– Ну, до встречи, – сказал Чарльз, когда мы подошли к крыльцу Монмута. В свете фонаря его лицо казалось неестественно бледным.

Я увидел, что в Общинах уже зажглись огни и в окнах столовой мелькают темные силуэты.

– Здорово погуляли, – сказал я, засовывая руки поглубже в карманы. – Может быть, поужинаете со мной?

– Боюсь, что нет. Нам нужно домой.

– Ну что же… – Я и огорчился, и почувствовал некоторое облегчение. – Значит, в другой раз.

– Слушай, а может?.. – вдруг произнесла Камилла, взглянув на брата. Тот нахмурился:

– Хм… А давай.

– Пойдем ужинать к нам, – сказала она, резко, словно в порыве вдохновения, повернувшись ко мне.

– Нет-нет, – поспешно отказался я.

– Пойдем, правда.

– Спасибо, не стоит. Серьезно, не беспокойтесь.

– Пойдем-пойдем, – любезно сказал Чарльз. – У нас нет ничего особенного, но мы будем рады, если ты присоединишься.

Меня захлестнул прилив благодарности. На самом деле я хотел пойти с ними, очень хотел.

– А я точно не помешаю?

– Ничуть, – решительно заявила Камилла. – Пошли.


Чарльз и Камилла снимали меблированную квартиру на последнем этаже четырехэтажного дома в Северном Хэмпдене. Миновав прихожую, я оказался в маленькой гостиной со скошенными стенами и мансардными окнами. Кресла и тяжелый диван были обтянуты пыльной, протершейся на подлокотниках парчой: на бронзовой ткани – узор из роз, на болотно-зеленой – из желудей и дубовых листьев. Повсюду потемневшие от времени полотняные салфетки. На каминной полке поблескивала пара подсвечников со стеклянными подвесками и несколько потускневших серебряных тарелок.

В квартире не то чтобы царил полный беспорядок, но до него было недалеко. Везде, где только можно, громоздились стопки книг; столы были завалены бумагами, пепельницами, бутылками из-под виски и коробками из-под конфет; по узкому коридору было не пройти из-за сваленных у стен зонтиков и галош. В комнате Чарльза на коврике была разбросана одежда, а через дверцу шкафа перекинута охапка разноцветных галстуков; ночной столик у кровати Камиллы был заставлен грязными чашками, среди которых подтекали перьевые ручки. В стакане засыхал букет ноготков, в изножье кровати был разложен незавершенный пасьянс. Общая планировка квартиры производила очень странное впечатление. Окна встречались в самых неожиданных местах, узкие коридорчики заканчивались тупиками, а дверные проемы были настолько низкими, что мне приходилось нагибаться. Я то и дело натыкался на какие-нибудь диковины: старый стереоскоп (пальмовые авеню призрачной Ниццы, уходящие в сепиевую даль), наконечники стрел в пыльной коробке, окаменелый отпечаток папоротника, птичий скелет.
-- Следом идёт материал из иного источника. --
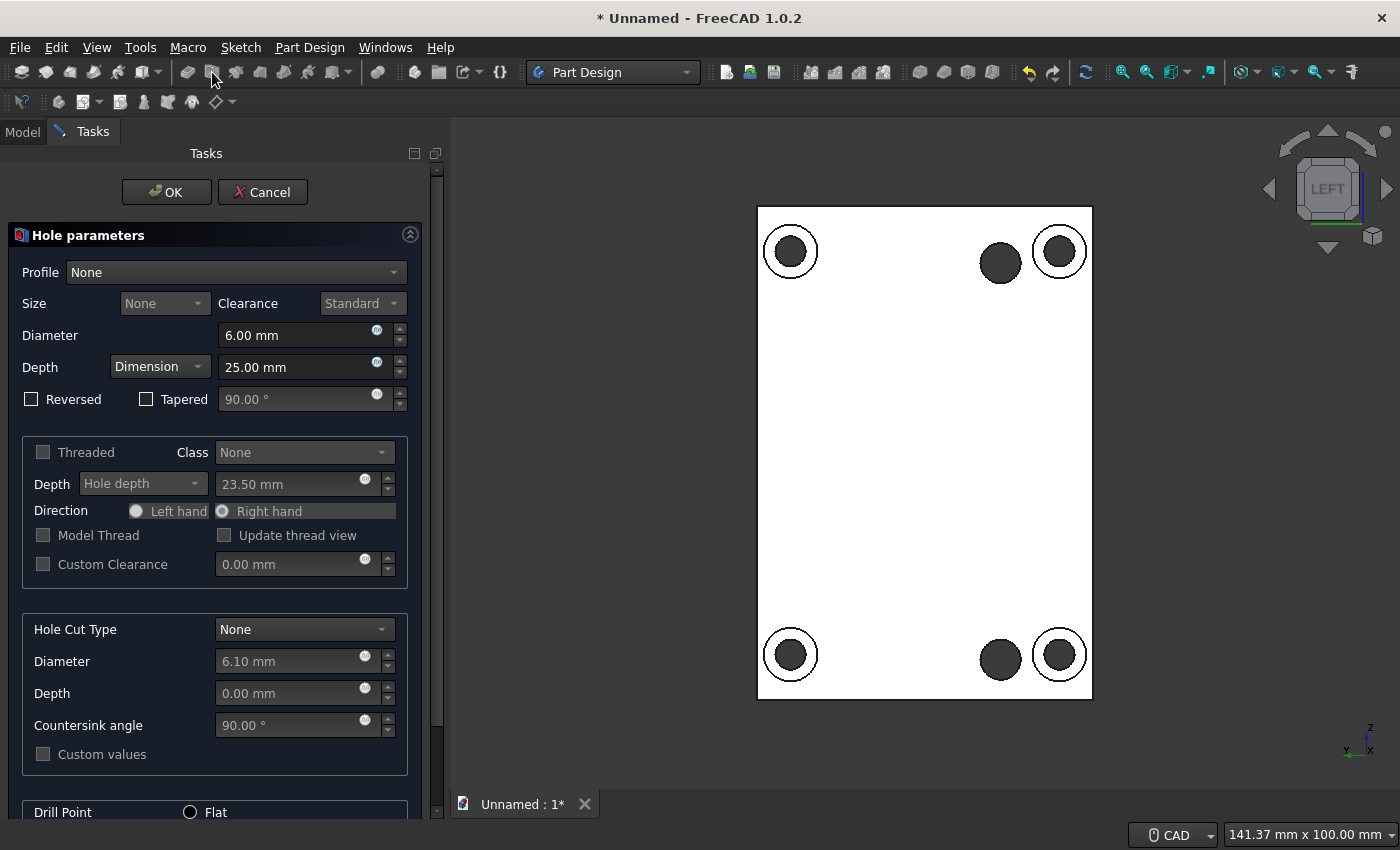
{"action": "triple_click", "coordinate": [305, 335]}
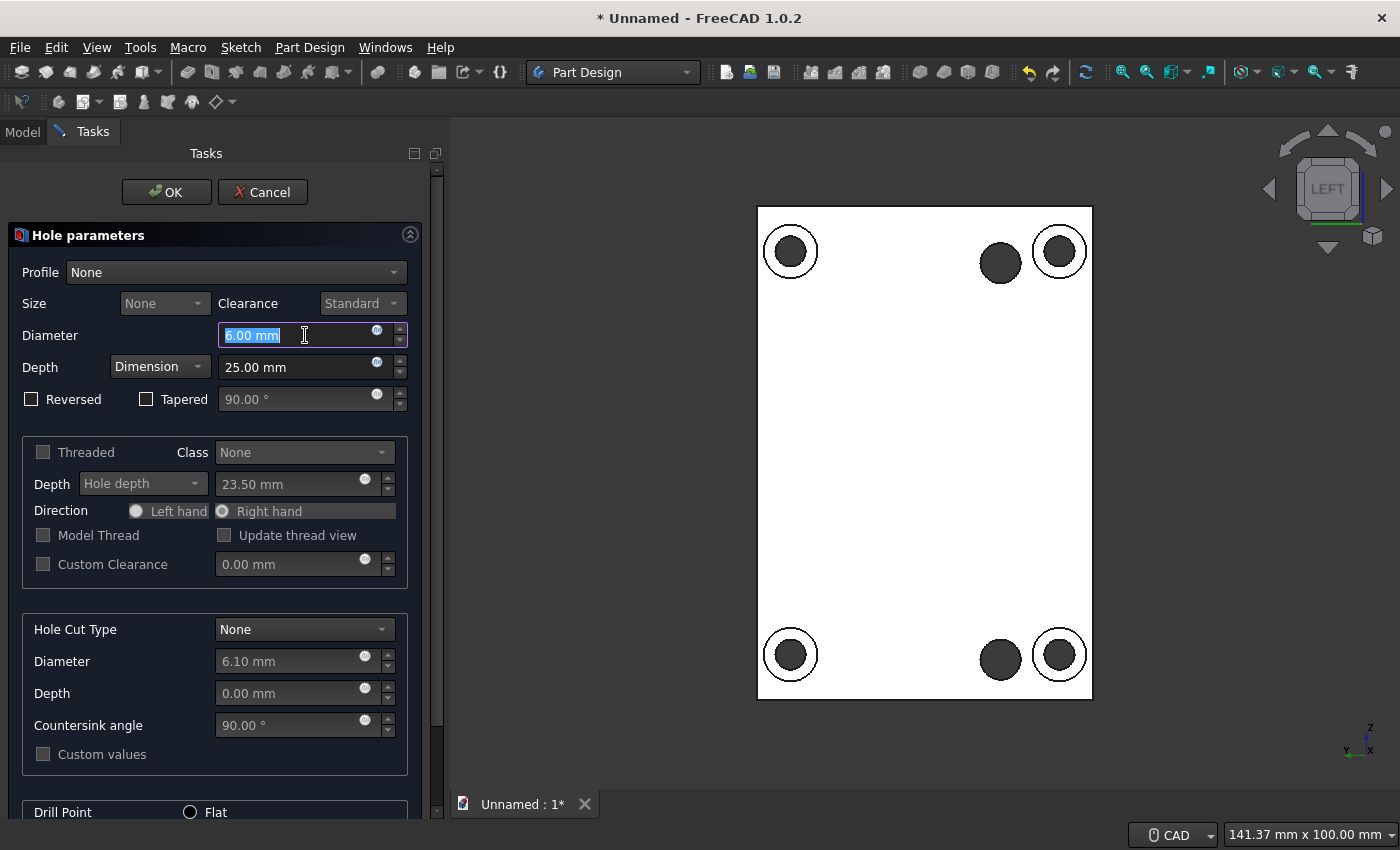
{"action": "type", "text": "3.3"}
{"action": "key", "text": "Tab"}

Чарльз принялся исследовать содержимое кухонных шкафчиков. Камилла налила мне ирландского виски из бутылки, венчавшей стопку журналов National Geographic.

– Ты видел смоляные ямы Ла-Бреа?[26] – спросила она так, словно это был самый обычный вопрос.
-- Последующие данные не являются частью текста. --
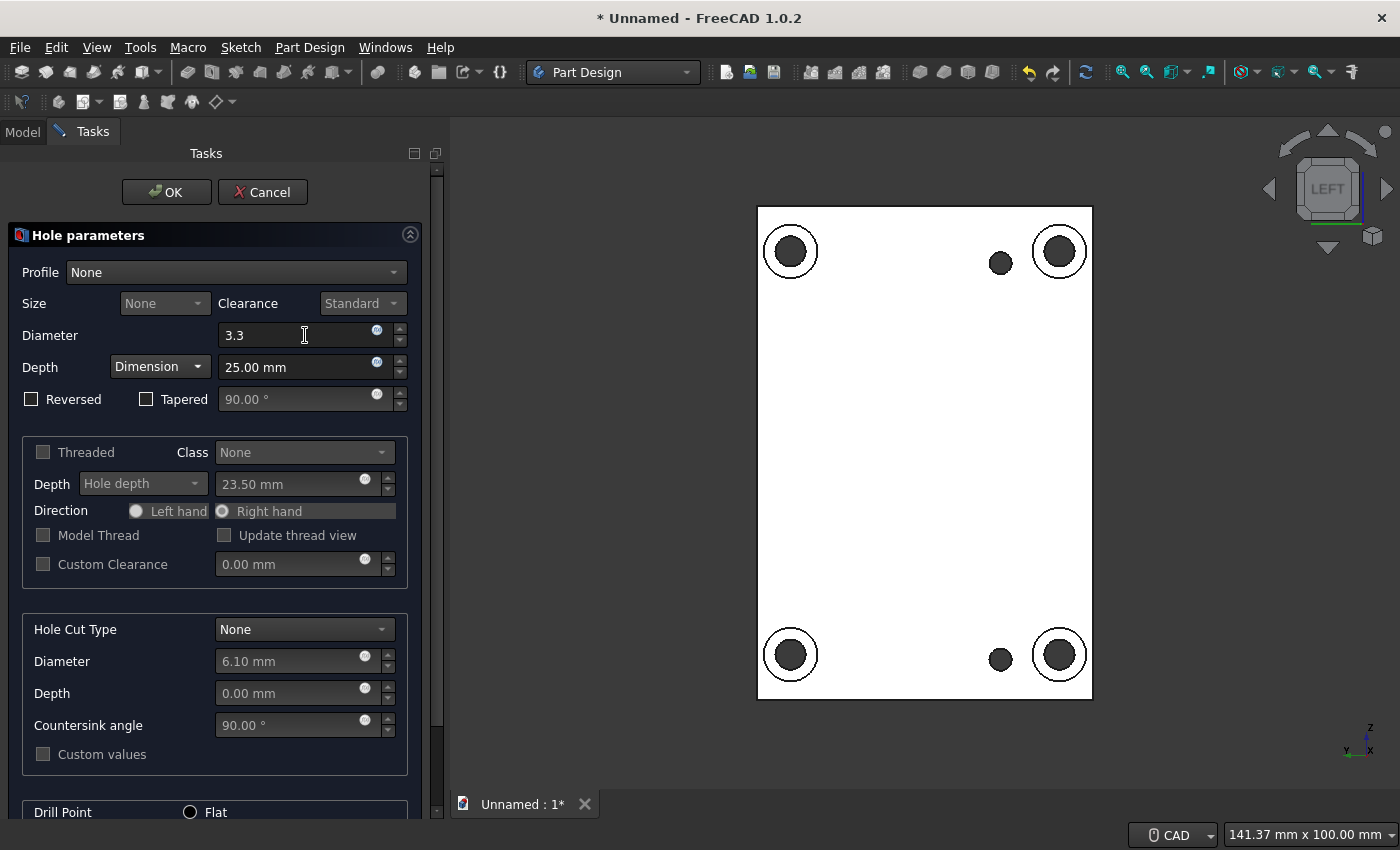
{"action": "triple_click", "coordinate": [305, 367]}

– Нет, – признался я, беспомощно уставившись в стакан.

– Представляешь, Чарльз, – крикнула она в сторону кухни, – он живет в Калифорнии и ни разу не был в Ла-Бреа.

Чарльз появился в дверном проеме, вытирая руки кухонным полотенцем.

– Правда? – спросил он с детским удивлением. – Почему?

– Не знаю.

– Там же так интересно! Подумать только!

– Ты многих здесь знаешь из Калифорнии? – спросила Камилла.

– Нет.

– По крайней мере, ты знаешь Джуди Пуви.

Я удивился: откуда ей это известно?

– Она не входит в число моих друзей.

– Моих тоже. В прошлом году она плеснула мне пивом в лицо.

– Я слышал, – засмеялся я, но она даже не улыбнулась.

– Не всему верь, что слышишь, – сказала она, отпивая виски. – А знаком ли ты с Клоуком Рэйберном?